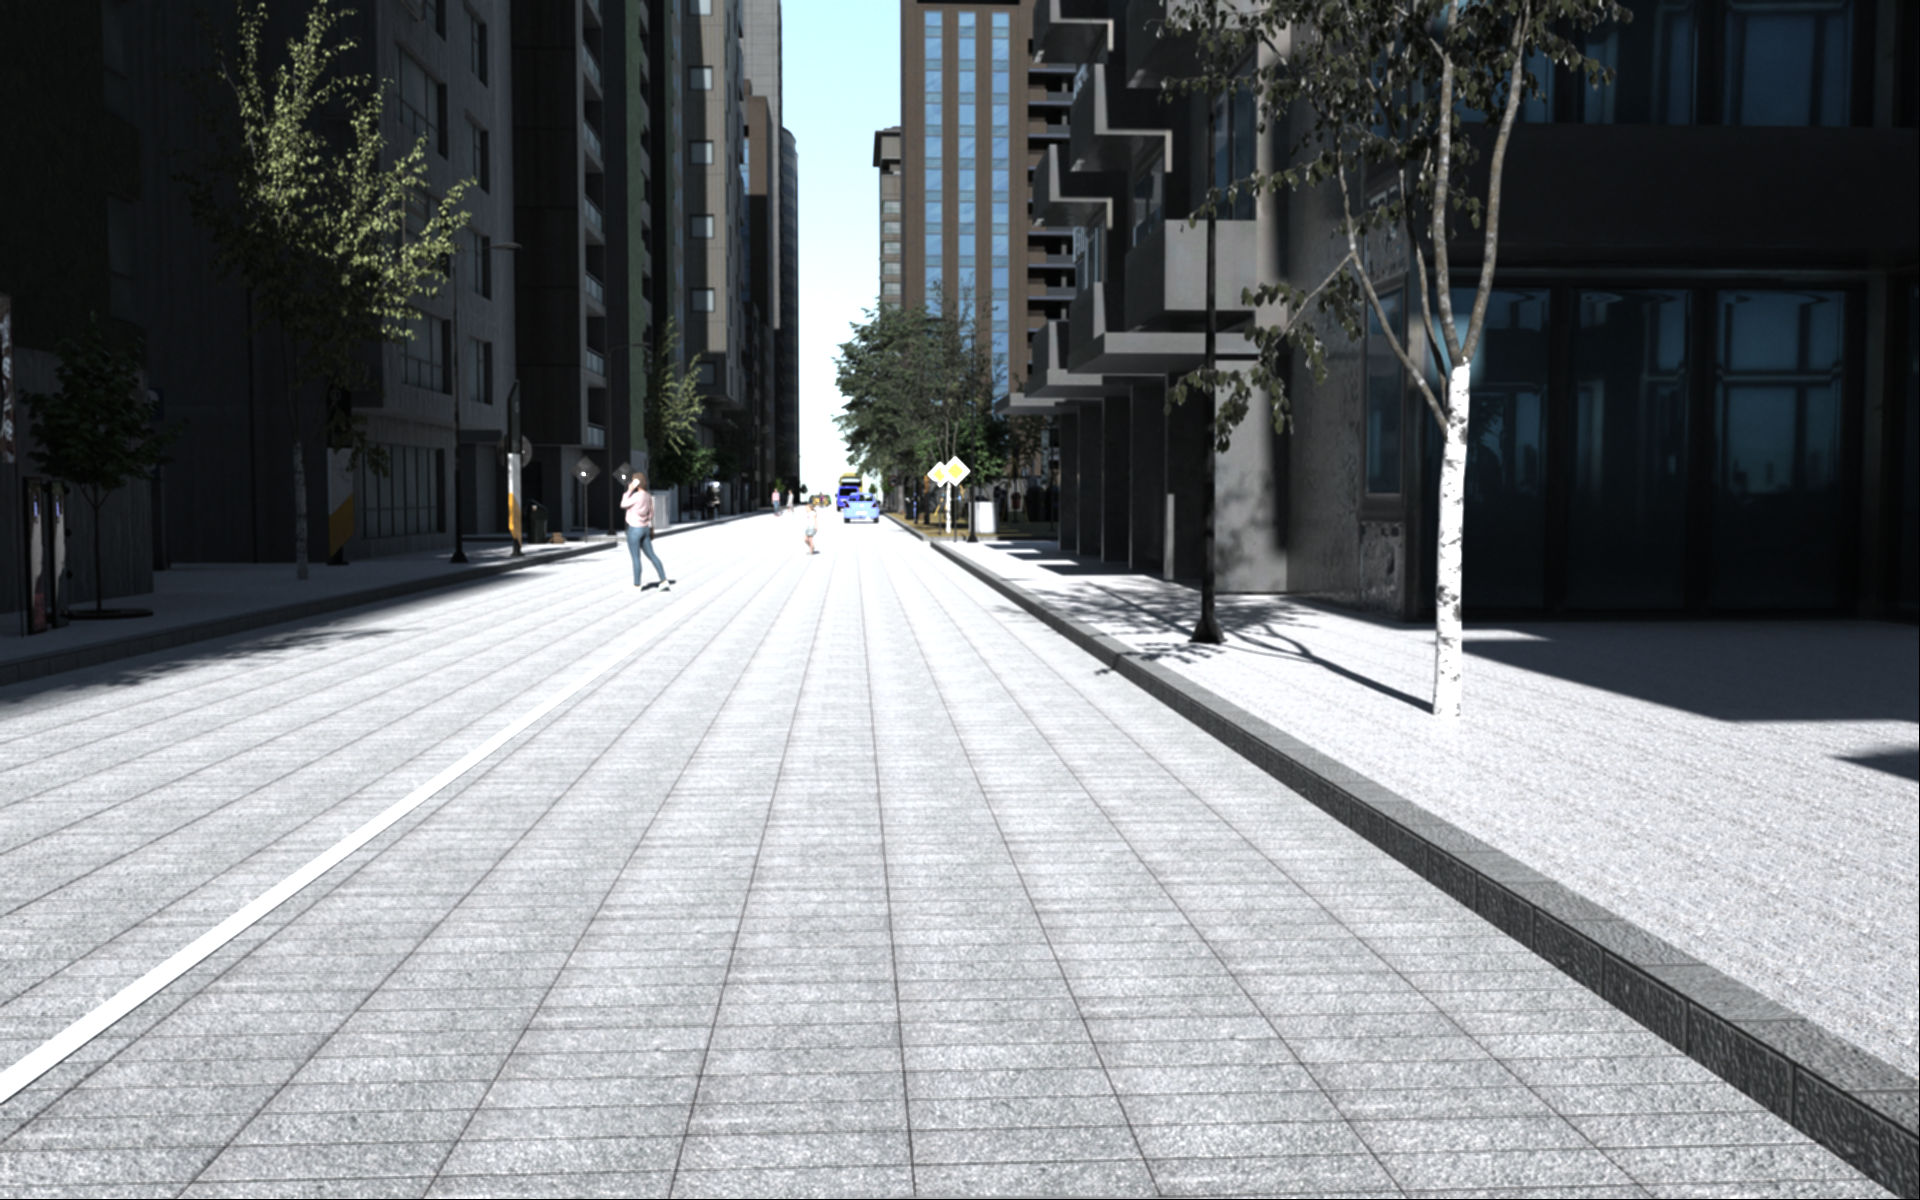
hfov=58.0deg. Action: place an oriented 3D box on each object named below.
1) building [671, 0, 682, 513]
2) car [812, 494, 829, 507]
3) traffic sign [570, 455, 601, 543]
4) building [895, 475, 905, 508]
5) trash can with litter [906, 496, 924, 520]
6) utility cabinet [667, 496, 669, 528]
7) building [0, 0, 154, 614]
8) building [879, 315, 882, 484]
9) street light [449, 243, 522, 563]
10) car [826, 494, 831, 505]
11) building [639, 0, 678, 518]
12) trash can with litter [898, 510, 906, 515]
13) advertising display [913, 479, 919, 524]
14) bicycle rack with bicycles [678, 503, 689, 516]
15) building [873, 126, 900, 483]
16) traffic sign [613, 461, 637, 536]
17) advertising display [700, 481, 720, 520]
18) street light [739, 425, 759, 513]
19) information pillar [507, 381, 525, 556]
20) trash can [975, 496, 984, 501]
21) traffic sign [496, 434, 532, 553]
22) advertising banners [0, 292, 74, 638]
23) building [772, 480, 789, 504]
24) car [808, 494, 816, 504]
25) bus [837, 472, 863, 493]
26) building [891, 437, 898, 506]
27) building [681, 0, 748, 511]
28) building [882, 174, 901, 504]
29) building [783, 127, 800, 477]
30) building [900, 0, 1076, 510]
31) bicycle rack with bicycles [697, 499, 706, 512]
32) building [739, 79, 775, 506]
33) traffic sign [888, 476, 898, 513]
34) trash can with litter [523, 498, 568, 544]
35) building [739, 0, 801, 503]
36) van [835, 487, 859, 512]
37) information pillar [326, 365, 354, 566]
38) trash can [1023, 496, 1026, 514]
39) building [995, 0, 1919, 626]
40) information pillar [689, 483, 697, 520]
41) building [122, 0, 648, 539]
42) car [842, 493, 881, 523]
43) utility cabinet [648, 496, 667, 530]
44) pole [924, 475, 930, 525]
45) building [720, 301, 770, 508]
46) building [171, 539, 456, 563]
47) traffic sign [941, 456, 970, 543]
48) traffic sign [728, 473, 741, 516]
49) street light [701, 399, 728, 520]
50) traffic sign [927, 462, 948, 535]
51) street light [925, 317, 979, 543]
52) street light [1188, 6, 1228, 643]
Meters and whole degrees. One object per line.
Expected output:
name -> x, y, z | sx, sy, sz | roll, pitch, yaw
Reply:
building -> -25.315, -28.151, 110.386 | 14.600, 45.320, 14.200 | 0, 4, -4
car -> -16.076, -11.603, 199.928 | 2.015, 1.641, 3.980 | 0, 4, -3
traffic sign -> -9.750, -2.538, 45.138 | 0.795, 2.450, 0.064 | 0, 4, -4
building -> 10.218, -28.724, 161.517 | 32.217, 40.220, 23.993 | 0, 4, -4
trash can with litter -> -2.115, -4.717, 88.511 | 0.624, 1.170, 1.055 | -2, 4, -30
utility cabinet -> -11.217, -3.321, 65.461 | 0.306, 1.237, 1.020 | 0, 4, -2
building -> -17.076, -14.840, 14.344 | 14.160, 30.474, 14.107 | 0, 4, -4
building -> -1.649, -37.856, 273.572 | 22.147, 44.769, 28.867 | 0, 4, -4
street light -> -8.813, -3.648, 32.194 | 1.470, 5.913, 1.316 | 0, 4, -4
car -> -18.581, -13.983, 237.424 | 1.959, 1.807, 4.718 | 0, 4, -3
building -> -22.368, -19.399, 88.867 | 14.160, 30.474, 14.107 | 0, 4, -4
trash can with litter -> -3.314, -5.916, 108.110 | 1.055, 1.170, 0.624 | -1, 4, -16
advertising display -> -1.881, -4.206, 73.986 | 0.123, 1.923, 0.974 | 0, 4, -7
bicycle rack with bicycles -> -18.072, -5.434, 102.231 | 2.852, 0.926, 2.925 | -2, 4, -35
building -> 2.214, -40.131, 245.385 | 28.713, 52.752, 27.495 | 0, 4, -4
traffic sign -> -10.246, -3.025, 53.108 | 0.795, 2.450, 0.064 | 0, 4, -4
advertising display -> -12.564, -5.012, 87.154 | 0.974, 1.923, 0.123 | -1, 4, -15
street light -> -14.089, -8.761, 115.791 | 1.470, 5.913, 1.316 | 0, 4, -4
information pillar -> -9.177, -2.712, 35.689 | 0.183, 3.616, 0.504 | 0, 4, 6
trash can -> 1.435, -7.033, 126.634 | 0.748, 1.137, 0.748 | 0, 3, 0
traffic sign -> -9.301, -2.202, 36.117 | 0.768, 2.556, 0.104 | 0, 4, 6
advertising banners -> -8.506, -1.205, 15.898 | 0.090, 3.025, 2.074 | -1, 4, -13
building -> -38.520, -32.484, 222.987 | 32.217, 40.220, 23.993 | 0, 4, -4
car -> -18.964, -13.214, 228.054 | 2.014, 1.417, 4.499 | 0, 4, -2
bus -> -12.394, -12.512, 196.124 | 2.896, 3.916, 12.252 | 0, 4, -5
building -> 3.983, -53.489, 187.215 | 22.319, 86.520, 31.000 | 0, 4, -4
building -> -31.553, -33.685, 139.984 | 28.713, 52.752, 27.495 | 0, 4, -4
building -> -3.021, -33.048, 223.932 | 14.154, 41.232, 14.086 | 0, 4, -4
building -> -36.031, -44.515, 269.816 | 21.231, 58.520, 28.212 | 0, 4, -4
building -> 2.236, -30.071, 141.768 | 14.600, 45.320, 14.200 | 0, 4, -4
bicycle rack with bicycles -> -18.969, -6.606, 121.397 | 2.852, 0.926, 2.925 | 3, 5, 43
building -> -27.786, -33.080, 190.963 | 14.600, 45.320, 14.200 | 0, 4, -4
traffic sign -> -4.592, -7.278, 119.093 | 0.768, 2.556, 0.104 | 0, 4, -3
trash can with litter -> -10.670, -2.031, 44.587 | 1.055, 1.170, 0.624 | -2, 4, -24
building -> -33.200, -49.354, 245.193 | 20.563, 71.187, 20.611 | 0, 4, -4
van -> -9.208, -8.479, 143.021 | 2.240, 2.365, 5.245 | 0, 4, -4
information pillar -> -11.185, -2.438, 31.214 | 0.183, 3.616, 0.504 | 2, 4, 33
trash can -> 4.268, -5.991, 109.611 | 0.748, 1.137, 0.748 | 0, 3, 0
building -> 13.139, -25.051, 29.189 | 23.786, 49.044, 30.456 | 0, 4, -4
information pillar -> -13.445, -5.063, 87.278 | 0.304, 2.012, 0.304 | 2, 4, 28
building -> -18.758, -22.968, 59.120 | 14.154, 41.232, 14.086 | 0, 4, -4
car -> -4.897, -4.686, 86.211 | 1.945, 1.707, 3.694 | 0, 4, -2
utility cabinet -> -10.940, -3.123, 62.223 | 0.306, 1.237, 1.020 | 1, 4, 10
pole -> -1.388, -4.830, 72.815 | 0.158, 3.312, 0.155 | 0, 3, 0
building -> -33.142, -19.816, 169.037 | 27.650, 21.520, 28.899 | 0, 4, -4
building -> -18.011, -21.646, 37.504 | 14.086, 41.232, 14.154 | 0, 4, -4
traffic sign -> -0.123, -2.573, 45.716 | 0.795, 2.450, 0.064 | 0, 4, -4
traffic sign -> -13.491, -6.330, 103.606 | 0.768, 2.556, 0.104 | 0, 4, 2
street light -> -12.020, -6.863, 84.755 | 1.470, 5.913, 1.316 | 0, 4, -4
traffic sign -> -0.619, -3.061, 53.685 | 0.795, 2.450, 0.064 | 0, 4, -4
street light -> -0.206, -4.472, 45.661 | 1.470, 5.913, 1.316 | 0, 4, -4
street light -> 1.613, -2.587, 14.841 | 1.470, 5.913, 1.316 | 0, 4, -4

= = = =

Only the lines from the start of the records to the line with "23) building [772, 480, 789, 504]" belong in the copy. Print them exactly, minus pictures.

◆ Result of this task ◆
hfov=58.0deg. Action: place an oriented 3D box on each object named below.
1) building [671, 0, 682, 513]
2) car [812, 494, 829, 507]
3) traffic sign [570, 455, 601, 543]
4) building [895, 475, 905, 508]
5) trash can with litter [906, 496, 924, 520]
6) utility cabinet [667, 496, 669, 528]
7) building [0, 0, 154, 614]
8) building [879, 315, 882, 484]
9) street light [449, 243, 522, 563]
10) car [826, 494, 831, 505]
11) building [639, 0, 678, 518]
12) trash can with litter [898, 510, 906, 515]
13) advertising display [913, 479, 919, 524]
14) bicycle rack with bicycles [678, 503, 689, 516]
15) building [873, 126, 900, 483]
16) traffic sign [613, 461, 637, 536]
17) advertising display [700, 481, 720, 520]
18) street light [739, 425, 759, 513]
19) information pillar [507, 381, 525, 556]
20) trash can [975, 496, 984, 501]
21) traffic sign [496, 434, 532, 553]
22) advertising banners [0, 292, 74, 638]
23) building [772, 480, 789, 504]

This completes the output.